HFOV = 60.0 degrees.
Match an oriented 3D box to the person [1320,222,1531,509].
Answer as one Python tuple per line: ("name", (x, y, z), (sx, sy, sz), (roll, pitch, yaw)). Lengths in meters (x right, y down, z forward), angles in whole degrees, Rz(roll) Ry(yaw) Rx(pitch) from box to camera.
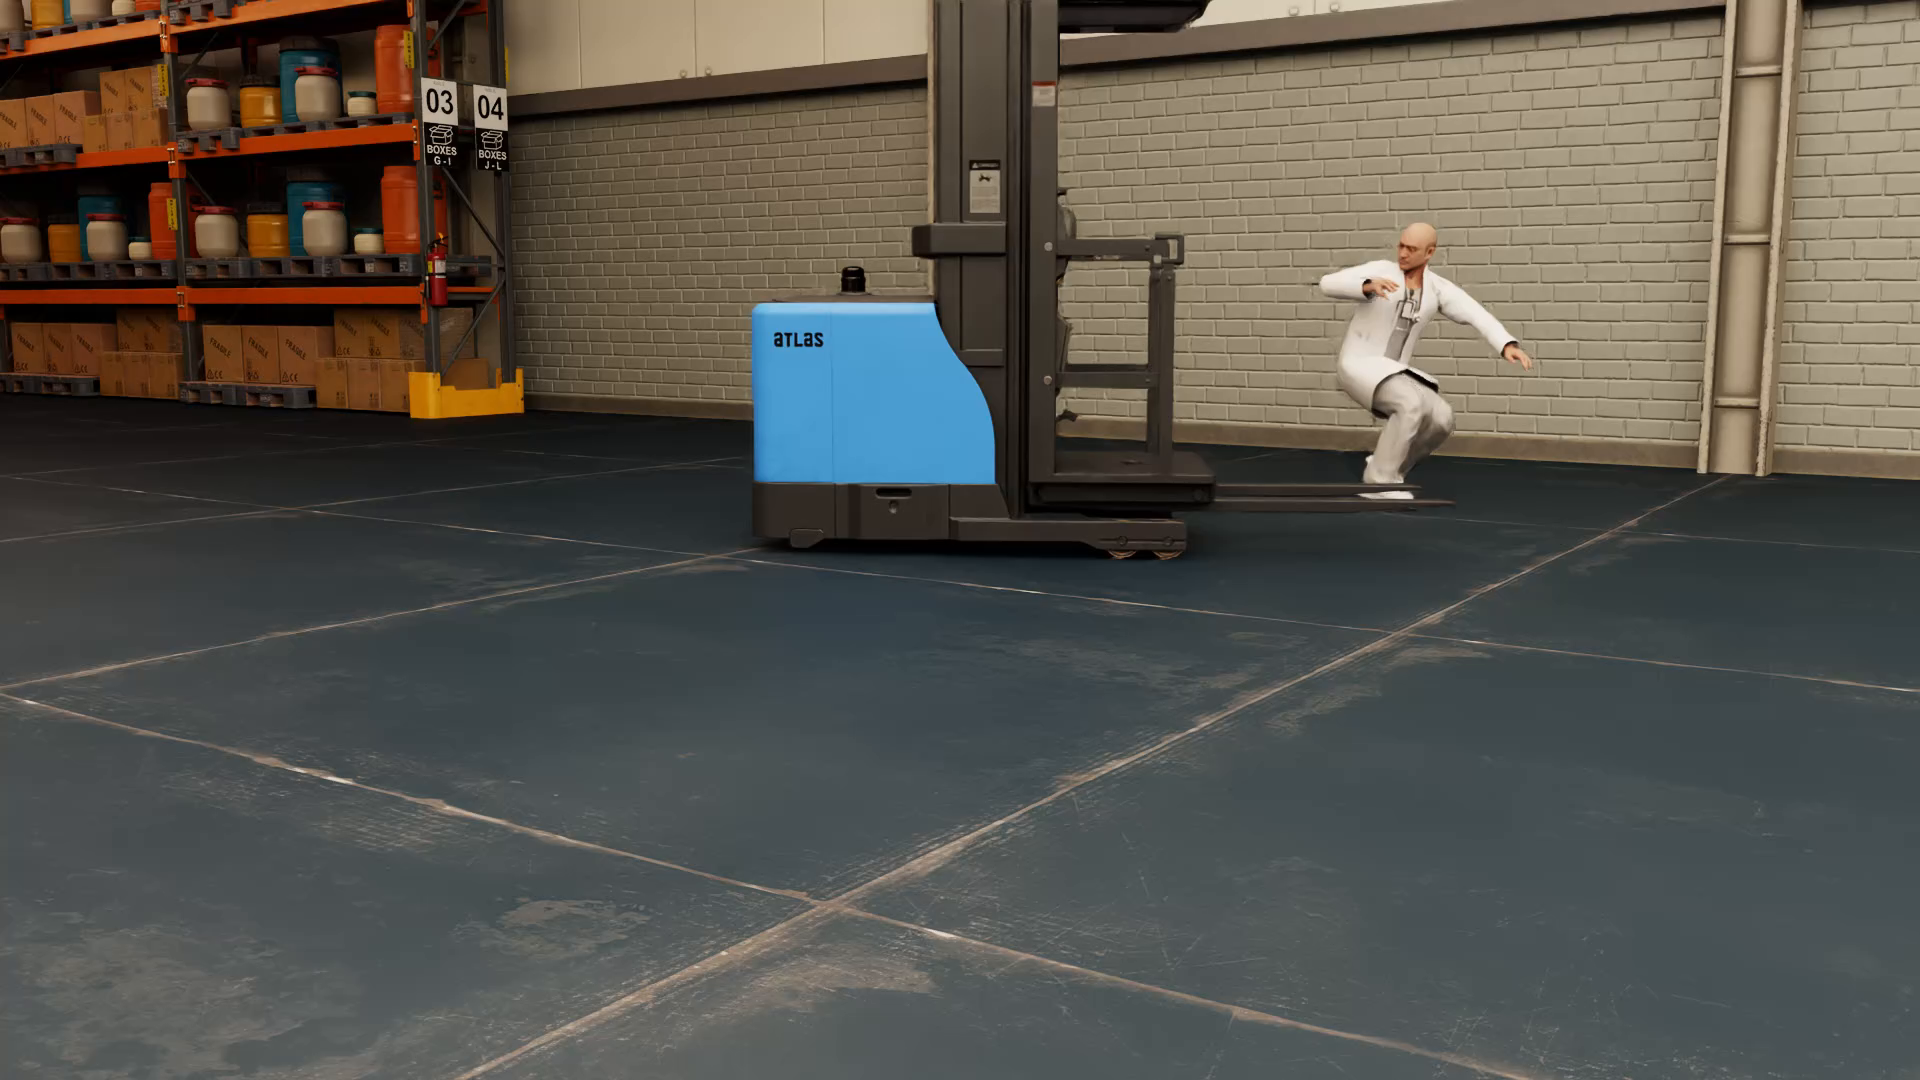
("person", (2.392, -0.902, 8.726), (0.847, 1.514, 0.986), (-4, 9, -29))

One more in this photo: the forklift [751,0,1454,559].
("forklift", (0.631, -1.448, 7.379), (3.031, 2.935, 1.130), (0, 8, 3))
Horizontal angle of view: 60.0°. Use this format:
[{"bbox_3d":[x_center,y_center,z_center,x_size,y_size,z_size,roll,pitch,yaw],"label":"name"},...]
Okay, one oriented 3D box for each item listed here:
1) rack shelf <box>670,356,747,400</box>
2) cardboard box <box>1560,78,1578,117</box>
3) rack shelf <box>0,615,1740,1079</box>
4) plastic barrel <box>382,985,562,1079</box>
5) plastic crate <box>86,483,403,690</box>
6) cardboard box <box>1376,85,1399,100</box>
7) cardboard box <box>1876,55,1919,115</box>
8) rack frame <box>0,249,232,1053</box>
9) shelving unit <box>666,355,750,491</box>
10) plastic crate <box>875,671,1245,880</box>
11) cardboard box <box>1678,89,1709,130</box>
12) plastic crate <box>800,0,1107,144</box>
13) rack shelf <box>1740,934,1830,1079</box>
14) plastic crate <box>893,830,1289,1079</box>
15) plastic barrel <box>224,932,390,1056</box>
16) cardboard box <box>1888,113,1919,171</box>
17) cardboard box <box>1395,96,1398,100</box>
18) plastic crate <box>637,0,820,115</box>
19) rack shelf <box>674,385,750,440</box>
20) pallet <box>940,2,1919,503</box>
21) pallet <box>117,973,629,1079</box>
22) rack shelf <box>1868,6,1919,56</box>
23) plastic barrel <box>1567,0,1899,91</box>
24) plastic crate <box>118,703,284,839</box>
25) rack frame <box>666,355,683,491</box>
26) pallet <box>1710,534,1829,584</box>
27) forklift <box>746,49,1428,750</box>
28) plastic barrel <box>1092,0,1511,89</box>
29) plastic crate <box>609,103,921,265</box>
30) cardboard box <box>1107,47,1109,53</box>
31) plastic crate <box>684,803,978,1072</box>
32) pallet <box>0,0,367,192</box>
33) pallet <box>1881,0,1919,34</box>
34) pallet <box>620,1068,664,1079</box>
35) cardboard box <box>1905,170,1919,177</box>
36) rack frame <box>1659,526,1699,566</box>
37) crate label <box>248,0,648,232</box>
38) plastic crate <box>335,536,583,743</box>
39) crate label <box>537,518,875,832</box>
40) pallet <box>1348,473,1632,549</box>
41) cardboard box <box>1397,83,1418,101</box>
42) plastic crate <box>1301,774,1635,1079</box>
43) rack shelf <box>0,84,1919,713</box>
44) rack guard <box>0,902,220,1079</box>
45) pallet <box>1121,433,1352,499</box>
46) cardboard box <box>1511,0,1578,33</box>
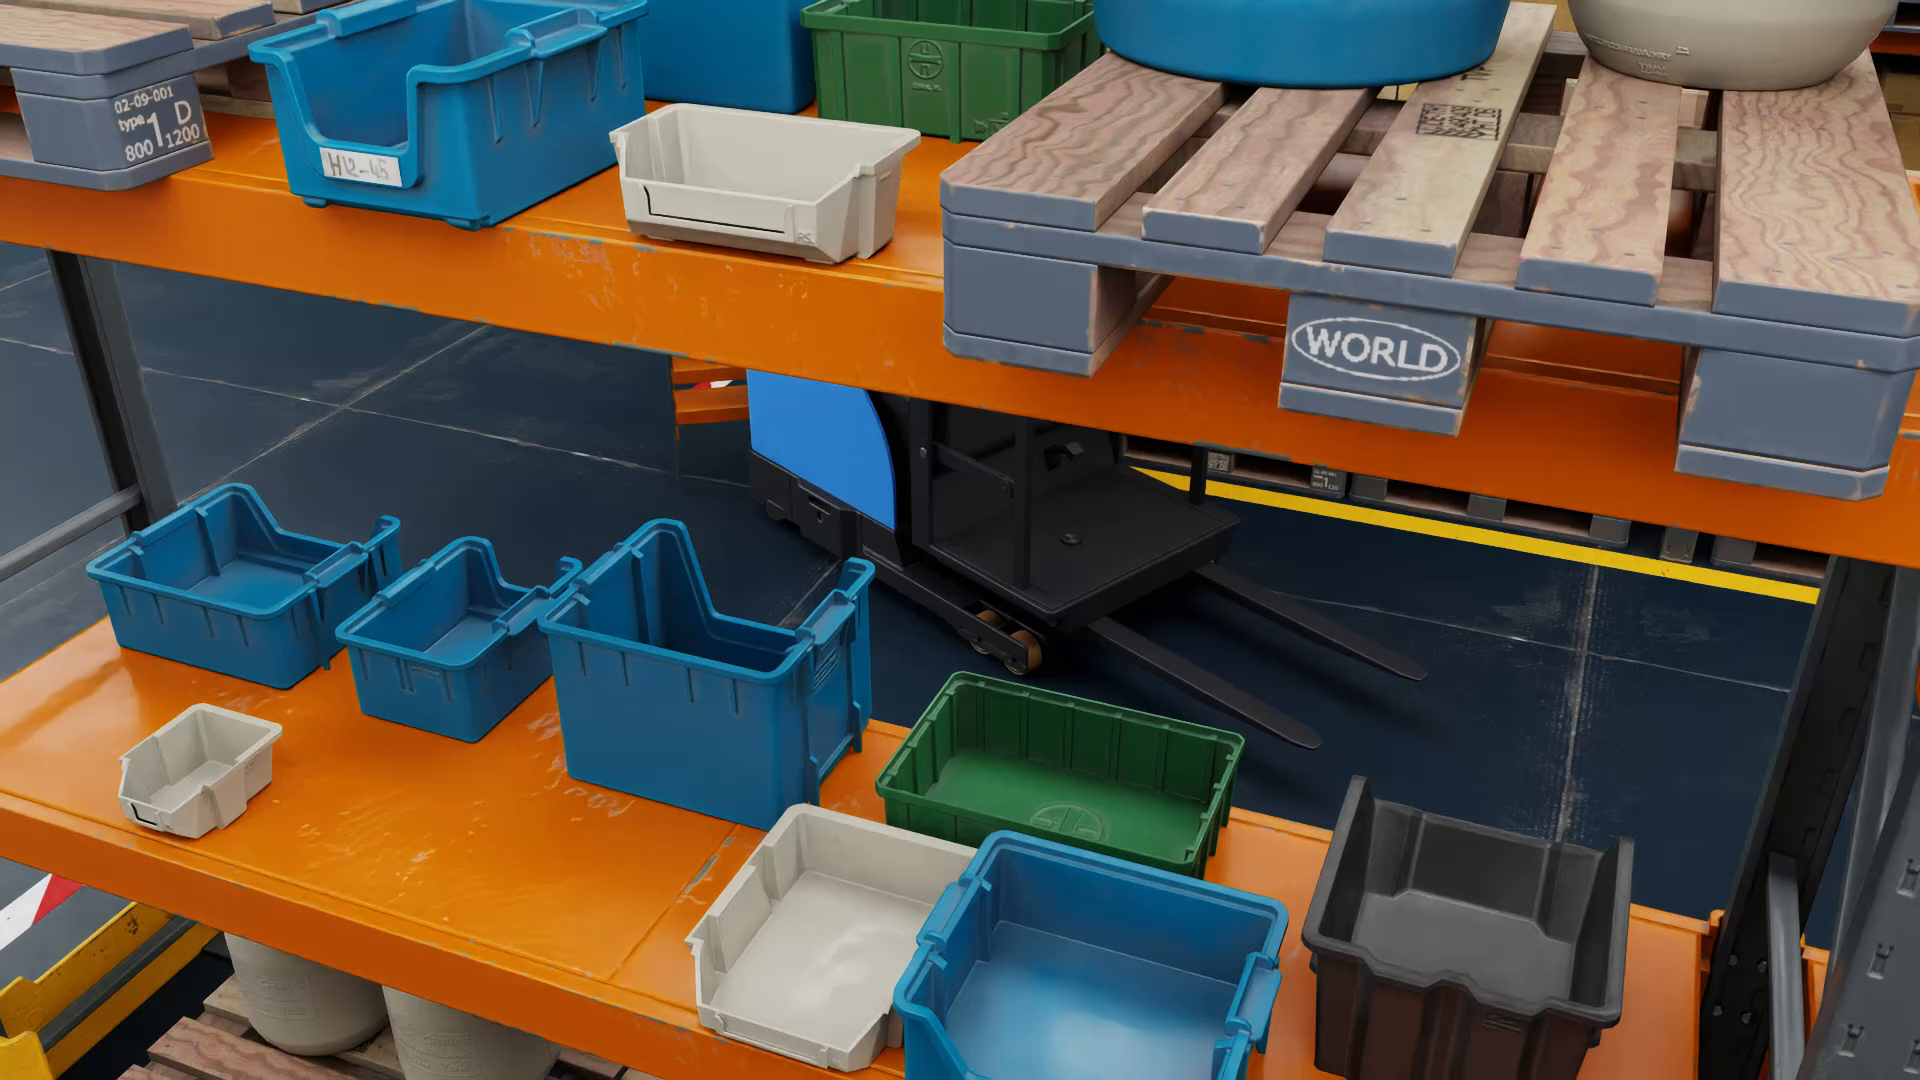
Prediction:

Required action:
Only lines go in the copy, not pictures. Transcribe exactly from the start of the listing through the line containing "Horizontal angle of".

Solution for this exercise:
HFOV = 60.0 degrees.
Match an oriented 3D box to the person [1320,222,1531,509].
Answer as one Python tuple per line: ("name", (x, y, z), (sx, sy, sz), (roll, pitch, yaw)). Lengths in meters (x right, y down, z forward), angles in whole degrees, Rz(roll) Ry(yaw) Rx(pitch) from box to camera.
("person", (2.392, -0.902, 8.726), (0.847, 1.514, 0.986), (-4, 9, -29))

One more in this photo: the forklift [751,0,1454,559].
("forklift", (0.631, -1.448, 7.379), (3.031, 2.935, 1.130), (0, 8, 3))
Horizontal angle of view: 60.0°. Use this format:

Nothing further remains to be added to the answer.